## Overview
Coinbase is a cryptocurrency exchange platform with a mission to expand economic freedom to over a billion people by providing secure infrastructure for trading and transacting crypto assets globally. The company serves millions of users across more than 100 countries and manages billions of dollars in trading volume. This case study, presented at AWS re:Invent 2024/2025, details how Coinbase scaled their Gen AI capabilities across three critical operational domains: customer support, compliance investigations, and developer productivity.
The presentation was delivered jointly by Joshua Smith (Senior Solutions Architect at AWS Financial Services) and Varsha Mahadevan (Director of Machine Learning and AI at Coinbase), providing both the infrastructure provider's perspective and the practitioner's real-world implementation details.
## Strategic Context and ML Foundation
Before diving into their Gen AI initiatives, it's important to understand that Coinbase already had extensive machine learning infrastructure in place. Traditional ML models power critical security functions including account takeover detection at login, credit default risk assessment for fiat currency transfers, and fraud detection for blockchain transactions. Additionally, ML drives personalization features like search results, news feeds, recommendations, and price alerts. This ML infrastructure runs on AnyScale, a cloud platform based on the open-source Ray framework, operating on AWS EKS clusters.

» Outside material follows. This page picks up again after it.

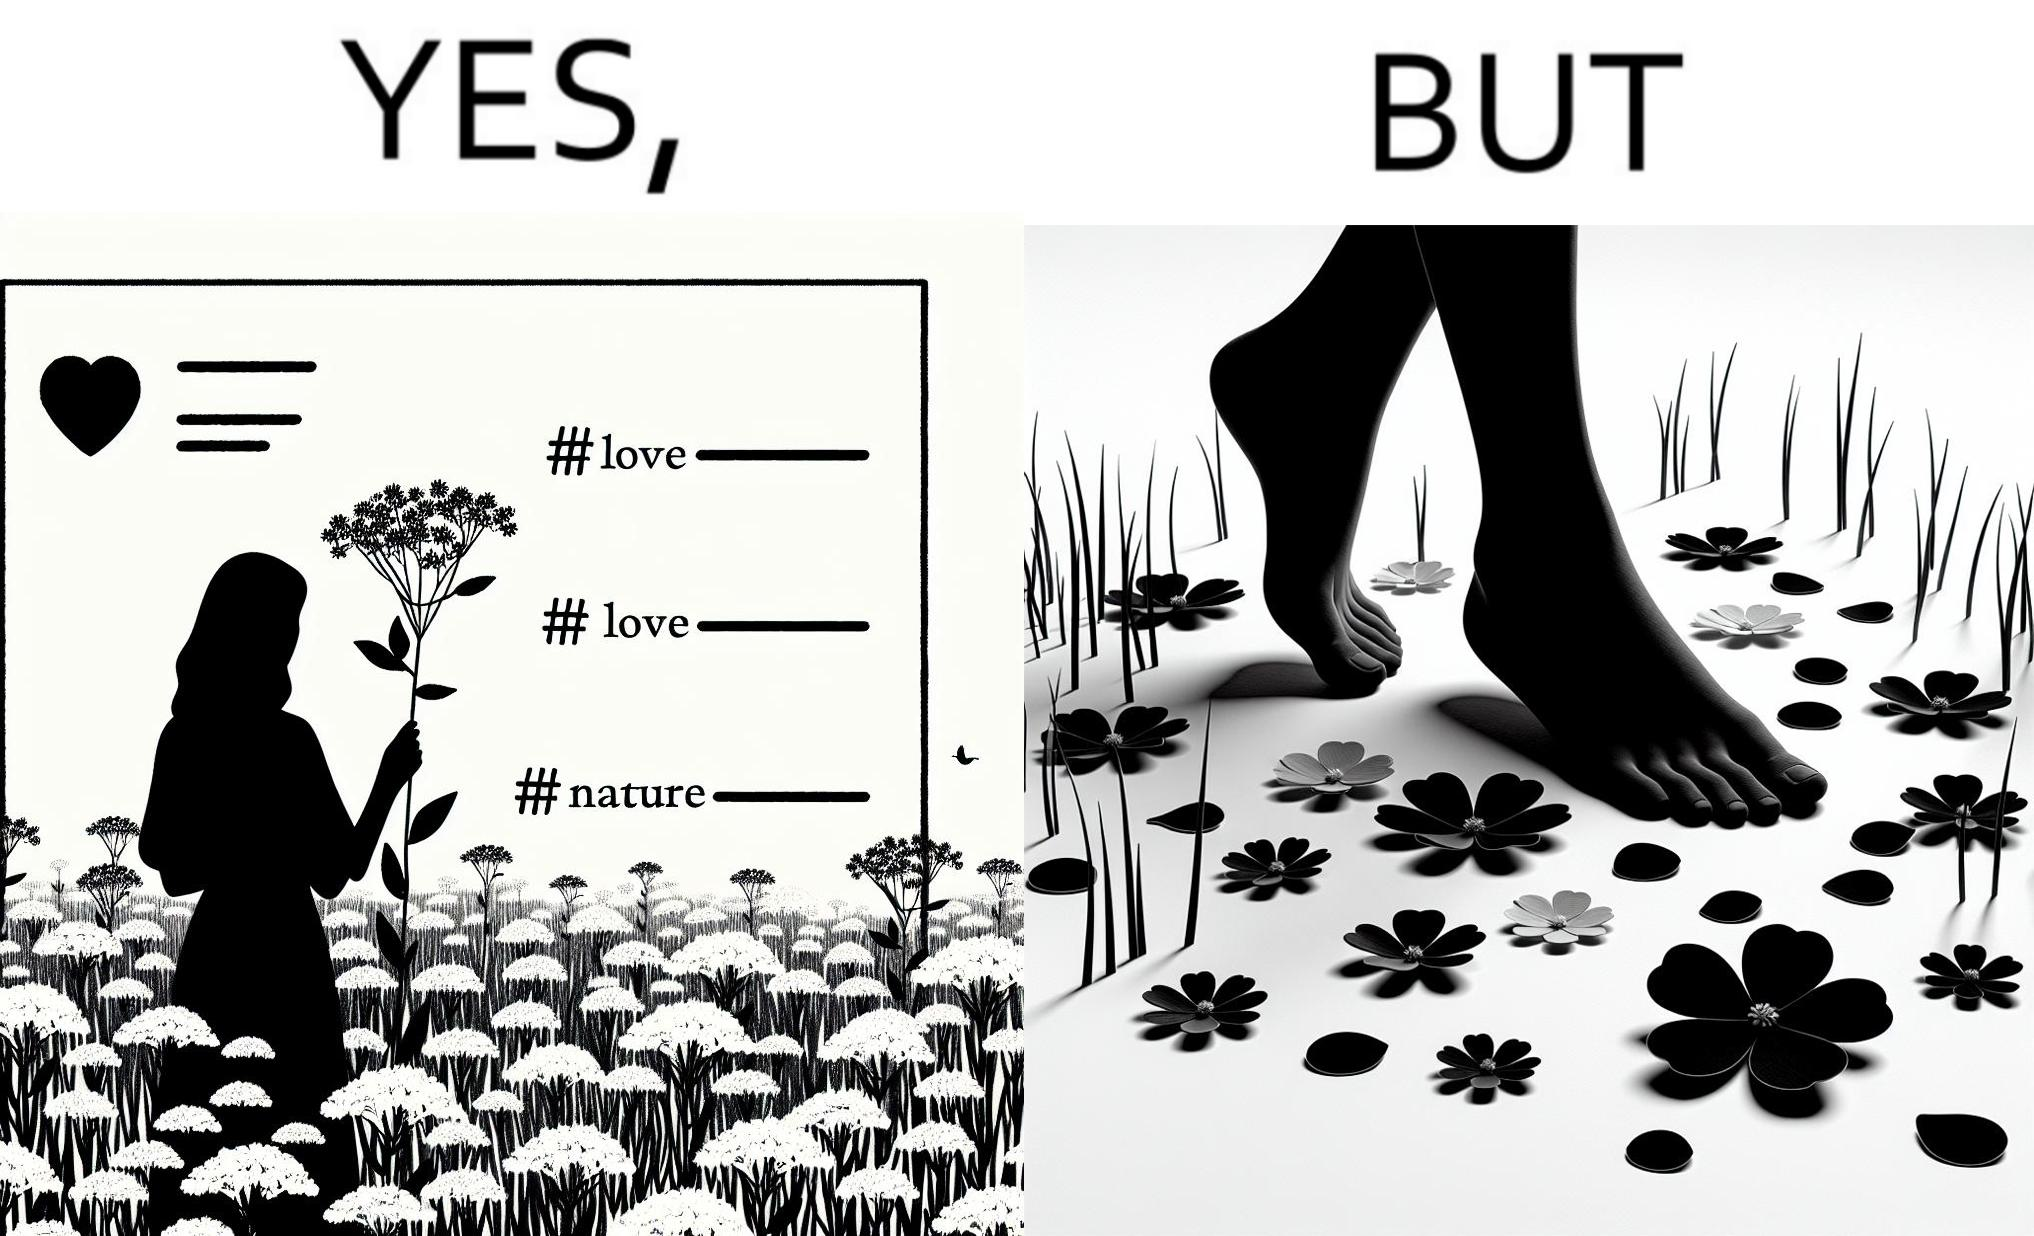What does this image depict? The image is ironical, as the social ,edia post shows the appreciation of nature, while an image of the feet on the ground stepping on the flower petals shows an unintentional disrespect of nature.

Coinbase has also developed innovative blockchain-specific AI solutions including graph neural networks for adaptive risk scoring of blockchain addresses, smart contract auditing combined with ML for ERC20 scam token detection, and predictive models for database scaling ahead of market volatility surges. This established ML foundation provided the technical maturity and infrastructure basis for their Gen AI expansion.
## Gen AI Platform Architecture
Coinbase designed their Gen AI platform with two guiding principles: breadth and depth. For breadth, they built an internal platform that provides standardized access to multiple LLMs and data sources. The platform uses OpenAI's API standards for LLM access and Model Context Protocol (MCP) standards for data endpoint access. This standardization allows any team at Coinbase to leverage and extend AI capabilities for their specific use cases without reinventing integration patterns.
The depth aspect involves making targeted, high-impact investments in specific domains rather than spreading efforts thinly across all possible applications. The three chosen domains—customer support, compliance, and developer productivity—were selected based on business impact potential and technical feasibility given the evolving capabilities of LLMs.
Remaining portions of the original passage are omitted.